Task item
Check each line of the listing below for the string "along", then copy every line that has it.

Exercise material

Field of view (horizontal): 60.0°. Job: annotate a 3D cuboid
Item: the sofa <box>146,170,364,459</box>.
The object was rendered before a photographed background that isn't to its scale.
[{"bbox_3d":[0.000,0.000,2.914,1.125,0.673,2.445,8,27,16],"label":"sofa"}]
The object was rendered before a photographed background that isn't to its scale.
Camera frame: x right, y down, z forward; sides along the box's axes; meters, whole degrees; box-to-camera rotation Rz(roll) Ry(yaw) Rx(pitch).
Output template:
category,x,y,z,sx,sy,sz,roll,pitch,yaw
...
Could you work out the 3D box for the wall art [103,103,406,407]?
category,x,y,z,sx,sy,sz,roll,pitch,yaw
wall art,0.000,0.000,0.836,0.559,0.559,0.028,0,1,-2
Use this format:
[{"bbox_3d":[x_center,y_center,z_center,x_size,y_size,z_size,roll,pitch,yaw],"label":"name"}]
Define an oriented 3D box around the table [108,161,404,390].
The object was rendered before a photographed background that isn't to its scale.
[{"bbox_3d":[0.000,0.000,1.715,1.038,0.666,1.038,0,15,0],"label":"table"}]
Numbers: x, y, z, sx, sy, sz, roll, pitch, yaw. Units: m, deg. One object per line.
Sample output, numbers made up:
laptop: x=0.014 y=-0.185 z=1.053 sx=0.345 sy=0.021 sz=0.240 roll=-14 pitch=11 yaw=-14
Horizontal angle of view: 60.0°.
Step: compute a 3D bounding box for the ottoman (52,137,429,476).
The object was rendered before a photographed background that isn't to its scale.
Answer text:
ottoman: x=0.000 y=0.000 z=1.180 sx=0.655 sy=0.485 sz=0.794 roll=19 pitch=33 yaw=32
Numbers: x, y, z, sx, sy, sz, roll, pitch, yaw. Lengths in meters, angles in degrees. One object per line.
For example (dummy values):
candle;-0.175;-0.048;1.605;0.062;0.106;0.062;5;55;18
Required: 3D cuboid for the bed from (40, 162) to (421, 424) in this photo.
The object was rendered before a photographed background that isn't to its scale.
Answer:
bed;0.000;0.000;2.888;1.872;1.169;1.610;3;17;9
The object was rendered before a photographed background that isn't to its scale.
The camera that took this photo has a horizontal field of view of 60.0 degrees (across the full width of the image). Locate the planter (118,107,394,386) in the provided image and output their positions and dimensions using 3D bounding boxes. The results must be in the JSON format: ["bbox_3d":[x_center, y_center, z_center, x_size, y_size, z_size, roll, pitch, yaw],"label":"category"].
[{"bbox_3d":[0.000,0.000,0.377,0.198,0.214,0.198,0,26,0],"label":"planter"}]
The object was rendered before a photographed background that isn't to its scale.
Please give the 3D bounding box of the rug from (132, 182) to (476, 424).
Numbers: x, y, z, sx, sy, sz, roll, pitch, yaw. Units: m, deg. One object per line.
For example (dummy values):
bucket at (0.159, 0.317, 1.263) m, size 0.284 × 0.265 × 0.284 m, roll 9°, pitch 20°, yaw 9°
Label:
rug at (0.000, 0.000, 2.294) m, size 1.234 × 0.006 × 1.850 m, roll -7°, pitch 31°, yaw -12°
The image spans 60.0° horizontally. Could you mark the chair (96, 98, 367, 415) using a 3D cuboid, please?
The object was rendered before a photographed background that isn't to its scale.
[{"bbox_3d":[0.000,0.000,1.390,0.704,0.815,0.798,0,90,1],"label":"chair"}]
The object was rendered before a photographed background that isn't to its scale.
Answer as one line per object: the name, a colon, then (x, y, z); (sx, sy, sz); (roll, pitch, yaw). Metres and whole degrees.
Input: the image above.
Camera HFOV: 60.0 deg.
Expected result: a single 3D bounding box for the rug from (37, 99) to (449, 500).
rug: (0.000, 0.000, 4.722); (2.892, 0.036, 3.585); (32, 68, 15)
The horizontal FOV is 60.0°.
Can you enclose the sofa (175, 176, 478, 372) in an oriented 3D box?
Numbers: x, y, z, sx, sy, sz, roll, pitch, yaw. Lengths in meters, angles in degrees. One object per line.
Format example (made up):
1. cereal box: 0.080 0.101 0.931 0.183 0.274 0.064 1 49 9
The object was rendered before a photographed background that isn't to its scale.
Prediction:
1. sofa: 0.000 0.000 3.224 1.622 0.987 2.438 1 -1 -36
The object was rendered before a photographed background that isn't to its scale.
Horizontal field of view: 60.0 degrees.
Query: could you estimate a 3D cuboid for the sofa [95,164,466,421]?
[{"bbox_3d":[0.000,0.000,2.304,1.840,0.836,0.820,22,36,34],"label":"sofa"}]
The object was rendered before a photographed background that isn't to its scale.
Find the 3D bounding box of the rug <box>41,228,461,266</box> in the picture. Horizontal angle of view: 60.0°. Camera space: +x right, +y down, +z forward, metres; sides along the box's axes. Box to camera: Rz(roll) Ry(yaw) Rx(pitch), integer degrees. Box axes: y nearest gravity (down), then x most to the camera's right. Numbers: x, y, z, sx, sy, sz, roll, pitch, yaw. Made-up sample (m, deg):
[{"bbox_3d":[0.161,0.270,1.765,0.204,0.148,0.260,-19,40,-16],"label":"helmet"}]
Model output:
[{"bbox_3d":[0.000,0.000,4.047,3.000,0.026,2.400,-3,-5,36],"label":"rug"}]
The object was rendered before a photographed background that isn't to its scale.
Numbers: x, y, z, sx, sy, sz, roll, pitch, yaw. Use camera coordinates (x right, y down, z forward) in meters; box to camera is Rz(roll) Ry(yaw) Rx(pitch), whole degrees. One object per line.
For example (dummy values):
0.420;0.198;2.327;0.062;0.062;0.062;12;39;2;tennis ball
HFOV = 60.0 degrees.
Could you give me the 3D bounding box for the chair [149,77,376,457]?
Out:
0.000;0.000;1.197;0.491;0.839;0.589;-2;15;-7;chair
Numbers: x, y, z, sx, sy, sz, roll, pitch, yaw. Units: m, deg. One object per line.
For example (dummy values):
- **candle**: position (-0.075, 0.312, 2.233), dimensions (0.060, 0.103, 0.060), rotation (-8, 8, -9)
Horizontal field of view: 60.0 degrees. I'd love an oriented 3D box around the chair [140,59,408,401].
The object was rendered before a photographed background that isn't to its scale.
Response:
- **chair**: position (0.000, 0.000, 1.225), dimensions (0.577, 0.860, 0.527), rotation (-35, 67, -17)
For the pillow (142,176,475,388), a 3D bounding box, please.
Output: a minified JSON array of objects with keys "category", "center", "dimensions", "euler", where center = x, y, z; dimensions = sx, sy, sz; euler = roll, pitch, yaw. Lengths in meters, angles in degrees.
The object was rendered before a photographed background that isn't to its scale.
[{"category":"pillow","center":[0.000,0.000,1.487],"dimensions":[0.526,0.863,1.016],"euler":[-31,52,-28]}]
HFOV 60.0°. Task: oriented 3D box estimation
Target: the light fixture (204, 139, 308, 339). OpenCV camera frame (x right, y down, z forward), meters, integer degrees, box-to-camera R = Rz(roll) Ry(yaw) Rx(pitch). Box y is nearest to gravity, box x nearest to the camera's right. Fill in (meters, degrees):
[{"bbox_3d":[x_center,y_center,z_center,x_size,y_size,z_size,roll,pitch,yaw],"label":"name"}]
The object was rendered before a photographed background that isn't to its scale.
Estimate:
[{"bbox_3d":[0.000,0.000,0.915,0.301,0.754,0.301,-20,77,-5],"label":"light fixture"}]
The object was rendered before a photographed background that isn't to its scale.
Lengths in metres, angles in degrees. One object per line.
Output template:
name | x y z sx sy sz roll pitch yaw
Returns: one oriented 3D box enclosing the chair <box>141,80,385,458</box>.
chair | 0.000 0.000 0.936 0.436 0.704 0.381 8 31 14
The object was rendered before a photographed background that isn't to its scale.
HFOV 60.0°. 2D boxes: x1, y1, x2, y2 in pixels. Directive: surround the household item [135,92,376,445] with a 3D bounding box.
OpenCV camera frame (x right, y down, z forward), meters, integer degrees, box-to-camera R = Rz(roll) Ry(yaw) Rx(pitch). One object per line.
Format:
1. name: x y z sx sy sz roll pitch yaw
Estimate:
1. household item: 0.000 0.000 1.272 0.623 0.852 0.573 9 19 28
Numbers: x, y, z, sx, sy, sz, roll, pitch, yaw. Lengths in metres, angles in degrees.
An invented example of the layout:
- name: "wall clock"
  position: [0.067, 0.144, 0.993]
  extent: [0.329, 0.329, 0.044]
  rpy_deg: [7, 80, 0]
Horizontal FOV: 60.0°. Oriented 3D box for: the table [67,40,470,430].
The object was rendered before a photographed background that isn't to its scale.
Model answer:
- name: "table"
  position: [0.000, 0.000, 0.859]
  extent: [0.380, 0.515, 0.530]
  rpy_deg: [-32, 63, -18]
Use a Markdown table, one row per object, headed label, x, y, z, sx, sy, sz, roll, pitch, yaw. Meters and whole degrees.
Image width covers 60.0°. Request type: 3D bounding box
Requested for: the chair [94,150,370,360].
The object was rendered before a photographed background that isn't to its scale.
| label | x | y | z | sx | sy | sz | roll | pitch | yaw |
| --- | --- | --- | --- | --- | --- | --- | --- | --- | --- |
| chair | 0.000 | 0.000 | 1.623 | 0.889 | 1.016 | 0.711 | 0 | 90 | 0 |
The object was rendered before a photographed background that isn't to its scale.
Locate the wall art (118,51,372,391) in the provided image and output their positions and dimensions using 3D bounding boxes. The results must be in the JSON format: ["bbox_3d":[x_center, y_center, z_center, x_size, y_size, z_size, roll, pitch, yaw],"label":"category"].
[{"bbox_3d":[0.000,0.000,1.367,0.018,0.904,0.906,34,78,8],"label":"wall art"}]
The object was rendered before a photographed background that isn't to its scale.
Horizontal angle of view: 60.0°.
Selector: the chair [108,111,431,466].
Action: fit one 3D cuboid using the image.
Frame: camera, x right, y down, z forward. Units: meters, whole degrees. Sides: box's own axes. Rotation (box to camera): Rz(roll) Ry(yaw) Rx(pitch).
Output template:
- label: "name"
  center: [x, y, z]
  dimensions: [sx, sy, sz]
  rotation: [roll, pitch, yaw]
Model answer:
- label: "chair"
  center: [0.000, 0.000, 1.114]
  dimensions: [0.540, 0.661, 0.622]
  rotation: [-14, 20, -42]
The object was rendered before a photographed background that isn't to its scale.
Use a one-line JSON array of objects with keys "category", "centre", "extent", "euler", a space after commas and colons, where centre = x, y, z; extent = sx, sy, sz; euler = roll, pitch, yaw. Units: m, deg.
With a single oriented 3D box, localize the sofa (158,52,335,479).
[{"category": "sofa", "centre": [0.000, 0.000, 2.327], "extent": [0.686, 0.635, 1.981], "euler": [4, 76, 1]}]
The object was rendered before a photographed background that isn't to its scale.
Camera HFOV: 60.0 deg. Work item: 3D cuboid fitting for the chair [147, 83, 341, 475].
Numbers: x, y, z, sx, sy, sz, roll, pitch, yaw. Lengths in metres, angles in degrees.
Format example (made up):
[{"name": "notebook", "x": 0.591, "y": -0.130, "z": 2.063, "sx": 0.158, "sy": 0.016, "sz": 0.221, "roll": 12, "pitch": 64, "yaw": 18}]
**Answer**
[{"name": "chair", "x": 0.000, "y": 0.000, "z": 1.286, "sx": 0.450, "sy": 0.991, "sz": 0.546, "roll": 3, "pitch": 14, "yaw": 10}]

Exercise response
Camera frame: x right, y down, z forward; sides along the box's axes; meters, whole degrees; box-to-camera rotation Rz(roll) Ry(yaw) Rx(pitch).
Find the 3D bounding box of the rug <box>41,228,461,266</box> in the picture. Horizontal angle of view: 60.0°. Camera space: +x right, +y down, +z forward, metres; sides along the box's axes. Box to camera: Rz(roll) Ry(yaw) Rx(pitch), integer degrees. Box axes: y nearest gravity (down), then x most to the camera's right. Numbers: x, y, z, sx, sy, sz, roll, pitch, yaw. Made-up sample (m, deg):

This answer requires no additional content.